Com um anel de 27 quilômetros enterrado a até 175 metros de profundidade sob a fronteira entre a França e a Suíça, o maior acelerador de partículas do mundo é uma “cidade” subterrânea construída para levar a física ao seu limite

Detalhes sobre a estrutura subterrânea e o avanço tecnológico do maior colisor de partículas localizado na Europa

O imenso acelerador de partículas construído profundamente sob a Europa desafia a imaginação ao simular o início do universo. Compreender essa máquina fantástica revela como a humanidade tenta decifrar mistérios complexos que definem a nossa existência no vasto espaço.

Grande Colisor de Hádrons: a monumental máquina subterrânea que simula o início do universo.
Grande Colisor de Hádrons: a monumental máquina subterrânea que simula o início do universo. - Imagem gerada por IA

Qual é o tamanho real dessa estrutura subterrânea?

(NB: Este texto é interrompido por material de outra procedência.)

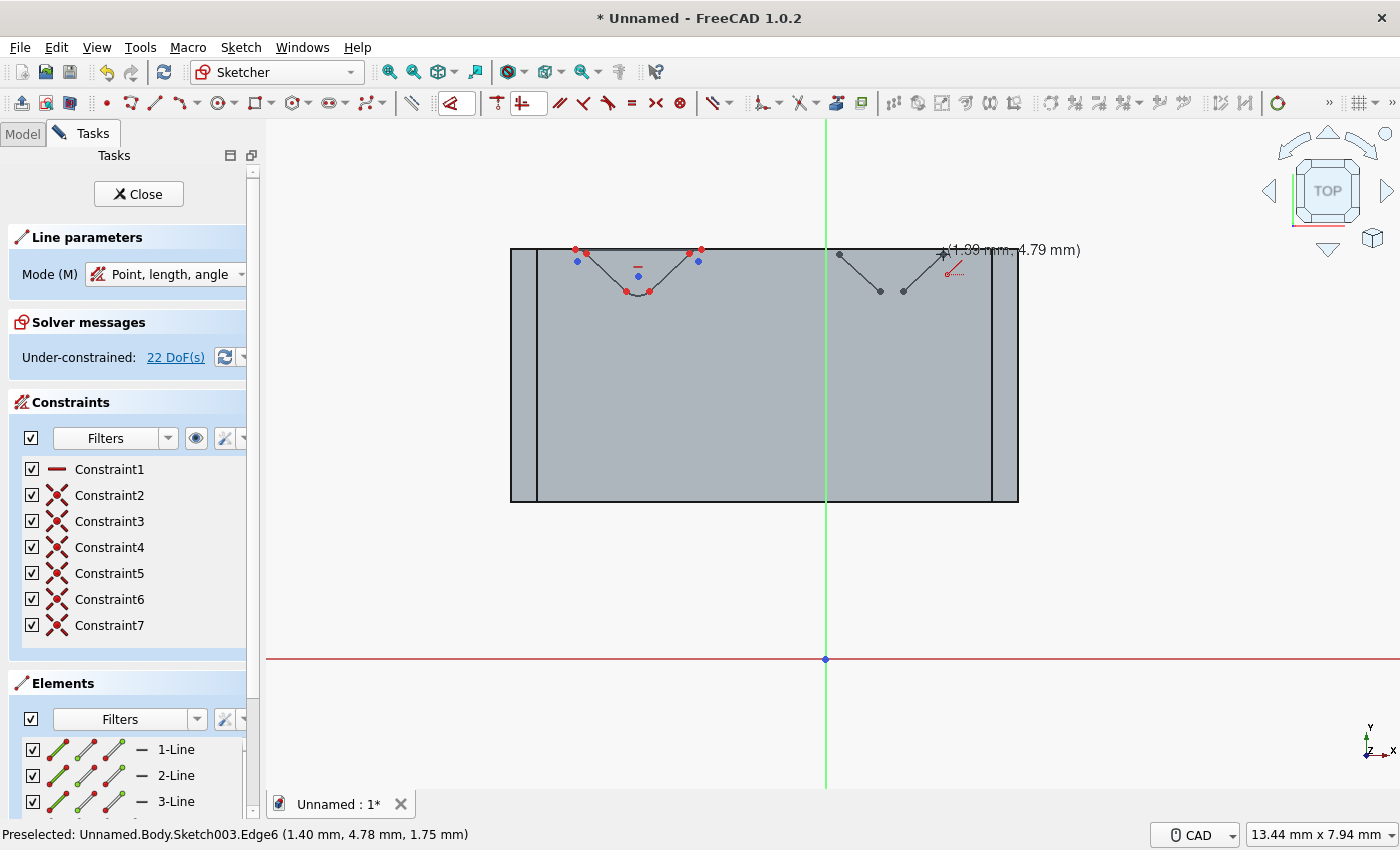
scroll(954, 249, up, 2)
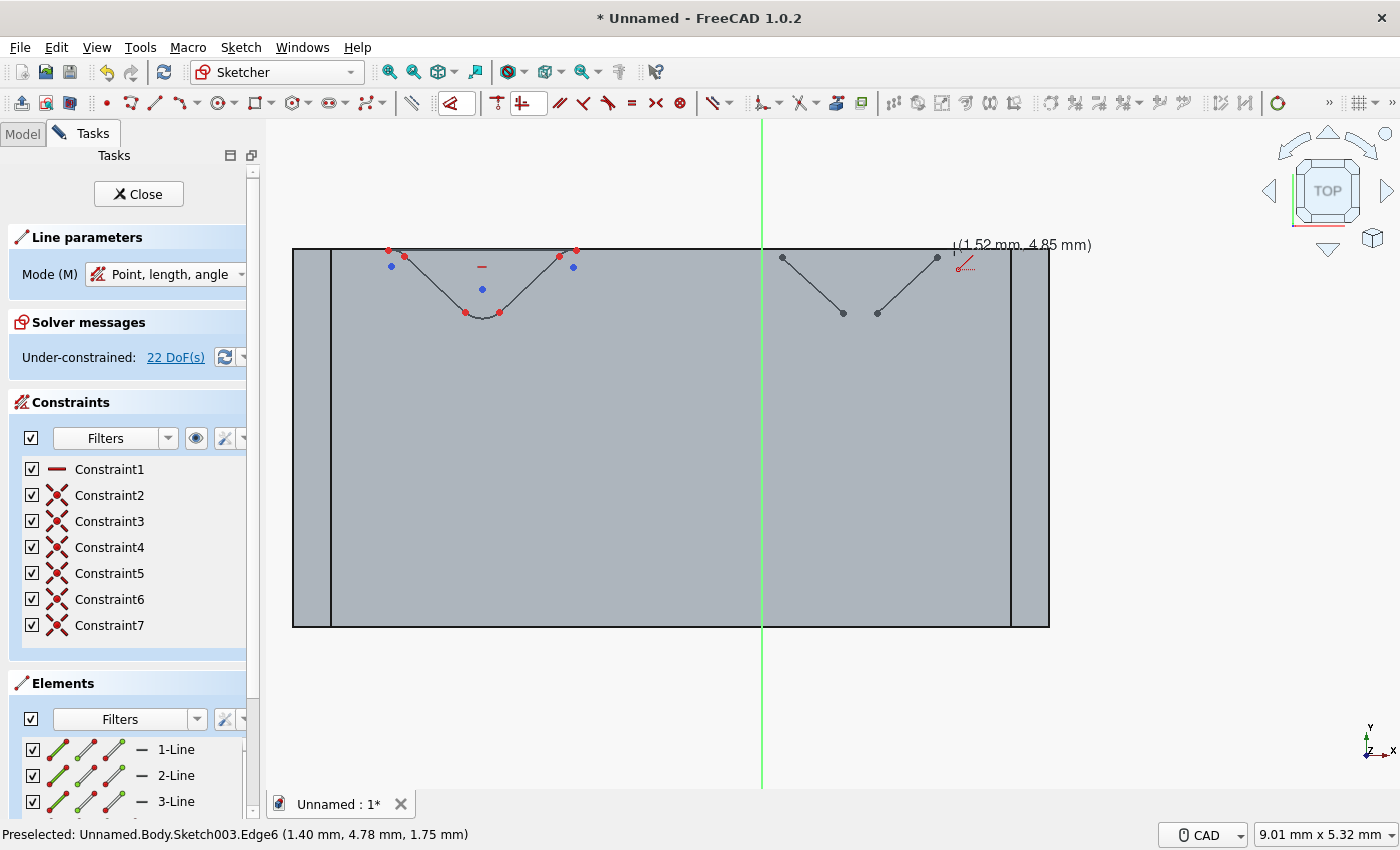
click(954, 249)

O Grande Colisor de Hádrons opera em um complexo circuito de dezessete milhas localizado na fronteira entre dois países europeus. Essa monumental estrutura fica enterrada em uma profundidade média de trezentos e vinte e oito pés sob o solo vizinho de Genebra.

A engenharia necessária para manter esse túnel em atividade exige soluções tecnológicas extremamente complexas. Para contextualizar a grandiosidade desse projeto científico inovador, apresentamos a seguir alguns dos principais aspectos estruturais que tornam esse laboratório subterrâneo uma verdadeira cidade tecnológica isolada.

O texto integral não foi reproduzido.